Ese disco compacto, con su tapa de plastico quebradizo, rayada por los vaivenes de alguna mano desaprensiva, su carátula dibujada a mano, en un exceso de creatividad adolescente, con lapiceras y tintas de fibrón que denotan lo alternativo de un pasado casi reciente, pero de a ratos, lejano.
Lo tomo con cuidado de sus bordes, desencastrándolo de la caja. Hace años, que nadie lo saca de allí. Lo siguiente es darlo vuelta, esperando lo típico: muchos rayones que probablemente hagan imposible que se escuche su contenido, manchones de humedad, en el peor de los casos.
Pero no, apenas alguno que otro surco apenas superficial del uso que se le dió hasta ese día en que se lo dejó guardado en el cajón.
Acto seguido enciendo el reproductor, cuadrado monumento compuesto de épocas monetarias mas benévolas. Su calidad es tal que las luces verdes del display digital avisan que el tiempo no ha pasado en demasía. La bandeja, como una lengua, aparece con un ruido extraño y poco fluido que me hace pensar en que el plástico tiene el equivalente a la herrumbre de los metales. Quizás sean los dientes del mecanismo...o simplemente el tiempo.
Las palabras en la parte superior del disco son las mismas que las de la carátula en la caja, lo cual es una suerte: el desorden muchas veces es una forma de olvido. A modo de chiste, una pequeña frase simula un falso sello discográfico pirata, autor del compilado.
La lengua gris se traga el disco, con otro ruido un poco más reconfortante que al abrirse, probablemente el aparato este volviendo a la vida a su manera, como en algunas películas de ciencia ficción.
Un sonido tenue, sutil, pero no por ello inexistente se deja oír.
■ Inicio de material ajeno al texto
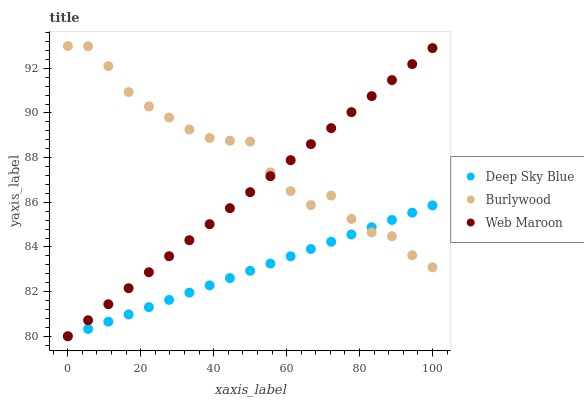Does Deep Sky Blue have the minimum area under the curve?
Answer yes or no. Yes. Does Burlywood have the maximum area under the curve?
Answer yes or no. Yes. Does Web Maroon have the minimum area under the curve?
Answer yes or no. No. Does Web Maroon have the maximum area under the curve?
Answer yes or no. No. Is Deep Sky Blue the smoothest?
Answer yes or no. Yes. Is Burlywood the roughest?
Answer yes or no. Yes. Is Web Maroon the smoothest?
Answer yes or no. No. Is Web Maroon the roughest?
Answer yes or no. No. Does Web Maroon have the lowest value?
Answer yes or no. Yes. Does Burlywood have the highest value?
Answer yes or no. Yes. Does Web Maroon have the highest value?
Answer yes or no. No. Does Web Maroon intersect Deep Sky Blue?
Answer yes or no. Yes. Is Web Maroon less than Deep Sky Blue?
Answer yes or no. No. Is Web Maroon greater than Deep Sky Blue?
Answer yes or no. No. 
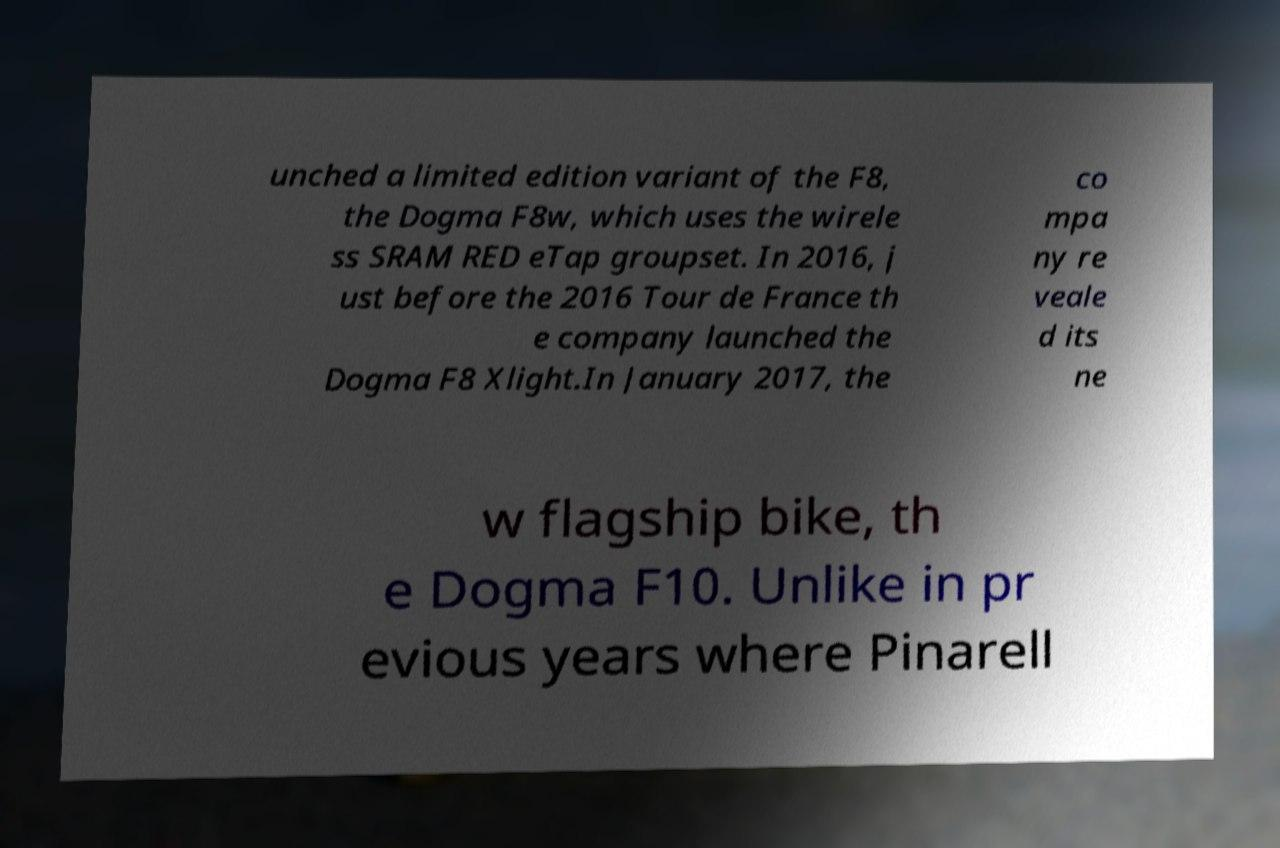Could you assist in decoding the text presented in this image and type it out clearly? unched a limited edition variant of the F8, the Dogma F8w, which uses the wirele ss SRAM RED eTap groupset. In 2016, j ust before the 2016 Tour de France th e company launched the Dogma F8 Xlight.In January 2017, the co mpa ny re veale d its ne w flagship bike, th e Dogma F10. Unlike in pr evious years where Pinarell 
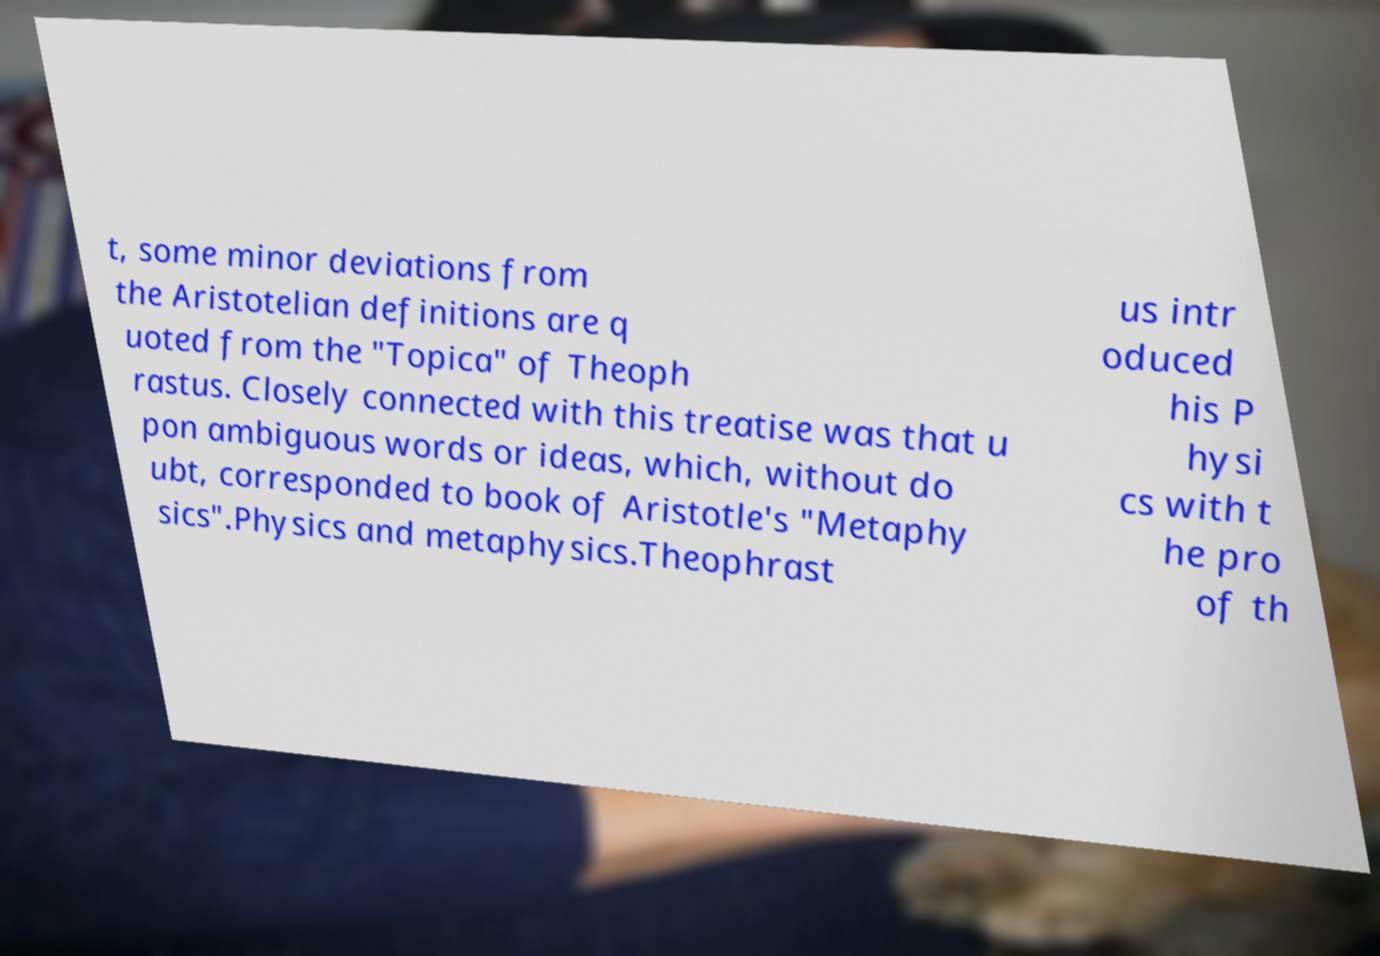What messages or text are displayed in this image? I need them in a readable, typed format. t, some minor deviations from the Aristotelian definitions are q uoted from the "Topica" of Theoph rastus. Closely connected with this treatise was that u pon ambiguous words or ideas, which, without do ubt, corresponded to book of Aristotle's "Metaphy sics".Physics and metaphysics.Theophrast us intr oduced his P hysi cs with t he pro of th 
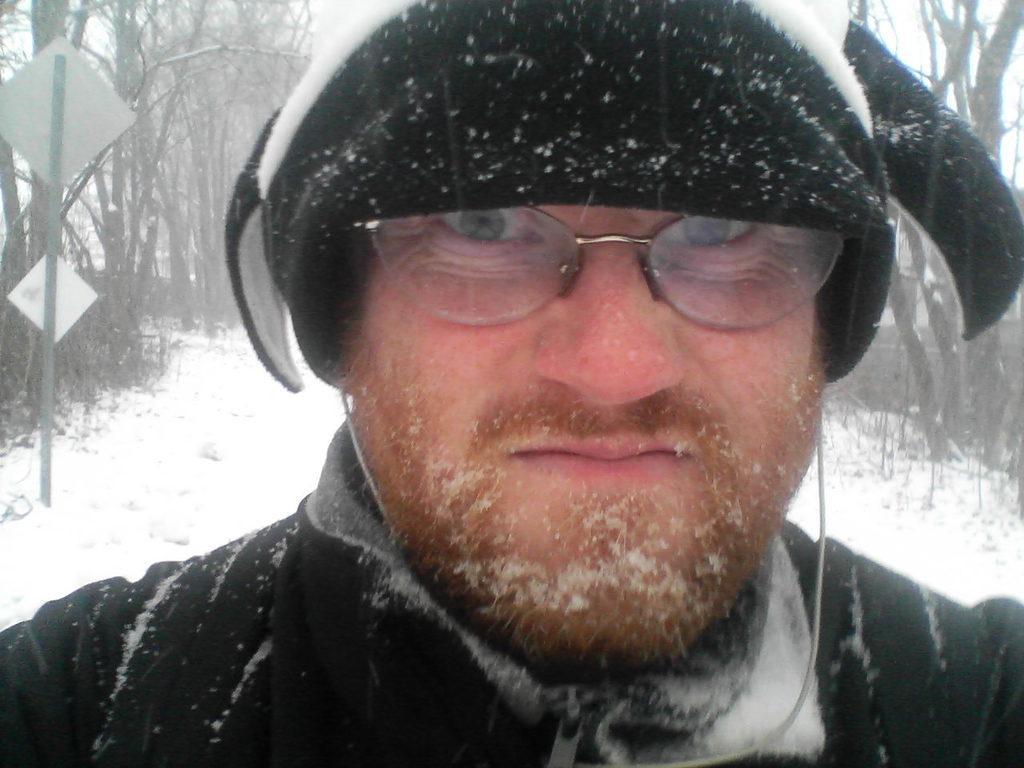Please provide a concise description of this image. In this image I can see a man and I can see he is wearing black colour jacket, specs and a cap. In the background I can see snow, number of trees, a pole and few white colour boards. 
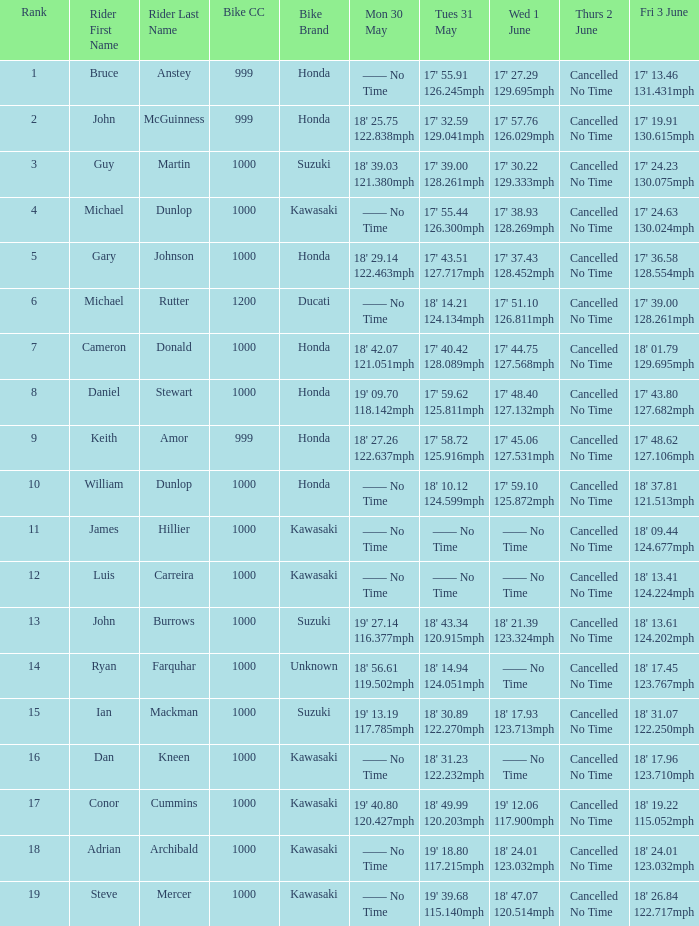What is the Mon 30 May time for the rider whose Fri 3 June time was 17' 13.46 131.431mph? —— No Time.

Antes solía pensar que era el láser buscando los surcos de colores en el disco. Quizás así fuese. Pero algo que siempre supe fue que si ese sonido se prolongaba, muy pocas eran las chances de oír la música que venía después.
Entonces el disco solo sería un objeto, con memorias borradas o sonidos enmudecidos. Un mensajero ciego y mudo. Con poco que decir, y mucho que adivinar. Un misterio minúsculo, o un destino de basura.
Sin embargo a los pocos segundos, un silencio y luego punteos que la mente reconoce se dejan oir por los descuidados parlantes. Y la máquina del tiempo vuelve a funcionar a todo gas, su combustible es mi mente, viajando por vías de acordes y riffs entrañables. 
Y es así que hay que buscar, sin muchos mapas. Solo la memoria.